TransWikia.com

Efficient Decision Tree Pruning

Data Science Asked on July 14, 2021

Is there an efficient way to handle pruning in Decision Tree with Python ?

Currently I’m doing that:

def do_best_tree(Xtrain, ytrain, Xtest, ytest):
    clf = DecisionTreeClassifier()
    clf.fit(Xtrain, ytrain)
    path = clf.cost_complexity_pruning_path(Xtrain, ytrain)
    ccp_alphas = path.ccp_alphas
    clfs = []
    for ccp_alpha in tqdm(ccp_alphas):
        clf = DecisionTreeClassifier(ccp_alpha=ccp_alpha)
        clf.fit(Xtrain, ytrain)
        clfs.append(clf)
    return max(clfs, key=lambda x:x.score(Xtest, ytest))

But it’s super slow (as I create and fit a lot of trees).
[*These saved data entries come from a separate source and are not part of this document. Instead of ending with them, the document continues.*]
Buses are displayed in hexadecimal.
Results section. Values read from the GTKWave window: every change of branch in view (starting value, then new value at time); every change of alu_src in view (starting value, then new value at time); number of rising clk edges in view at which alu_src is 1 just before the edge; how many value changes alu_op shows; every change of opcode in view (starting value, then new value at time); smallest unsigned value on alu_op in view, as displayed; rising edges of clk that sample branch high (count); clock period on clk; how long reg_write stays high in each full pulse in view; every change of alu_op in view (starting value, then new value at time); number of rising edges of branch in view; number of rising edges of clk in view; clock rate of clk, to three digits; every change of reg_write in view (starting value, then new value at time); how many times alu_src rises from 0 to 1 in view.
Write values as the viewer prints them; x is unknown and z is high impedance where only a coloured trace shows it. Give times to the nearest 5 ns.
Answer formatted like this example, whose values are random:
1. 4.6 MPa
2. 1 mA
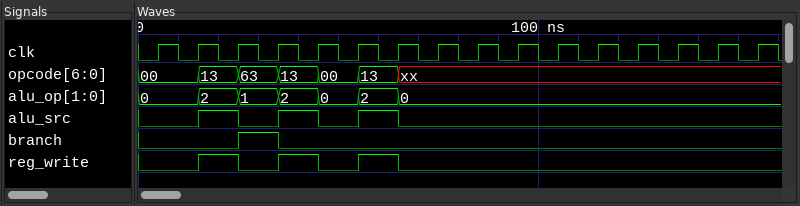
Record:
1. 0, 1 at 25 ns, 0 at 35 ns
2. 0, 1 at 15 ns, 0 at 25 ns, 1 at 35 ns, 0 at 45 ns, 1 at 55 ns, 0 at 65 ns
3. 3
4. 6
5. 00, 13 at 15 ns, 63 at 25 ns, 13 at 35 ns, 00 at 45 ns, 13 at 55 ns, xx at 65 ns
6. 0
7. 1
8. 10 ns
9. 10 ns, 10 ns, 10 ns
10. 0, 2 at 15 ns, 1 at 25 ns, 2 at 35 ns, 0 at 45 ns, 2 at 55 ns, 0 at 65 ns
11. 1
12. 16
13. 100 MHz
14. 0, 1 at 15 ns, 0 at 25 ns, 1 at 35 ns, 0 at 45 ns, 1 at 55 ns, 0 at 65 ns
15. 3
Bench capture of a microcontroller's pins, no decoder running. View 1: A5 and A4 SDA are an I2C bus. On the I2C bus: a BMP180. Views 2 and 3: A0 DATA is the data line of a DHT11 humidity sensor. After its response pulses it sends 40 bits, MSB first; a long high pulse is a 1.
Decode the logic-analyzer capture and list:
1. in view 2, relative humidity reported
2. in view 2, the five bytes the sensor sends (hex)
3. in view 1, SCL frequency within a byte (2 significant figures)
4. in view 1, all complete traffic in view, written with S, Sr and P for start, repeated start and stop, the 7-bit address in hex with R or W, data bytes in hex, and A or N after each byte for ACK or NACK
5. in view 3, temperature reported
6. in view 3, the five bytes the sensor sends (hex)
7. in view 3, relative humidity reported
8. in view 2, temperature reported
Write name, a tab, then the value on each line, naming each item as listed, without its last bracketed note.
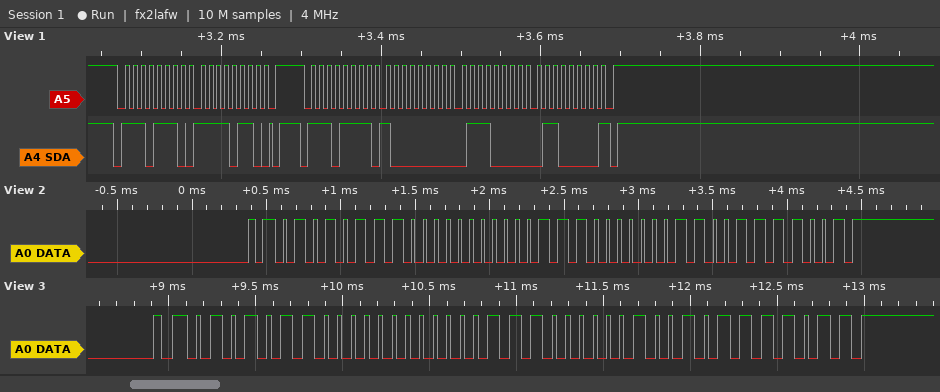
in view 2, relative humidity reported	87 %
in view 2, the five bytes the sensor sends	57 00 1C 06 79
in view 1, SCL frequency within a byte	100 kHz
in view 1, all complete traffic in view, written with S, Sr and P for start, repeated start and stop, the 7-bit address in hex with R or W, data bytes in hex, and A or N after each byte for ACK or NACK	S 77W A F6 A P S 77R A 80 A 70 A 60 N P
in view 3, temperature reported	28.9 °C
in view 3, the five bytes the sensor sends	56 00 1C 09 7B
in view 3, relative humidity reported	86 %
in view 2, temperature reported	28.6 °C
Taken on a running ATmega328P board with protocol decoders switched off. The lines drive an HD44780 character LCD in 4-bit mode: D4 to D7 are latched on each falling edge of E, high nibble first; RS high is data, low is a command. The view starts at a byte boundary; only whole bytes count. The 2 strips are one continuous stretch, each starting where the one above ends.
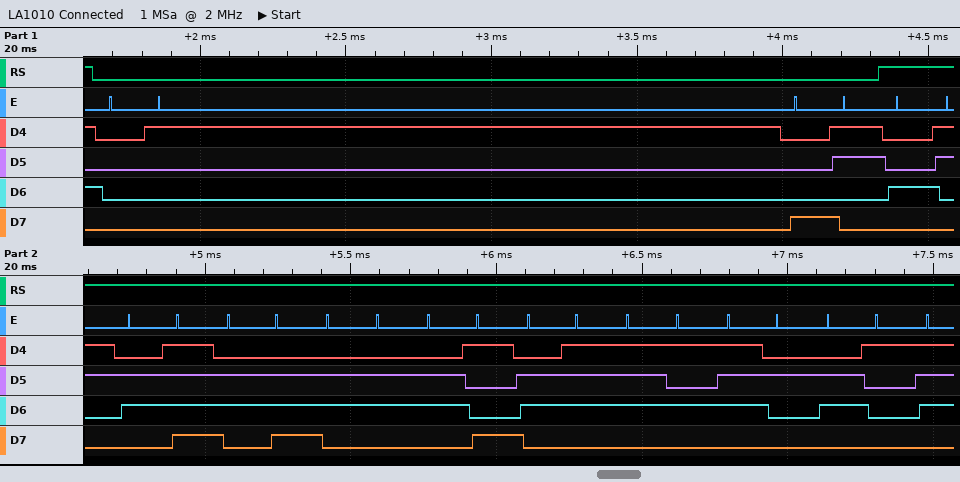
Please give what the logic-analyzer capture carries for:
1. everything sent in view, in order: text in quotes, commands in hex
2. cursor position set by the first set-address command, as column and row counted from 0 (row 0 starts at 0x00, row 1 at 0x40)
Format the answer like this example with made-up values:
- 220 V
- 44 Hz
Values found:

Is there a more efficient way to do this with scikit-learn, or another library that handle this ?

One Answer

You might benefit from random forests instead which aim to achieve the same objectives you are aiming for, i.e better generalization through pruning to remove overfitting.

scikit learn's random forest algorithm will let you specify how many or what proportion of variables you want to automatically drop across the many trees whose results will be averaged for even better generalization performance.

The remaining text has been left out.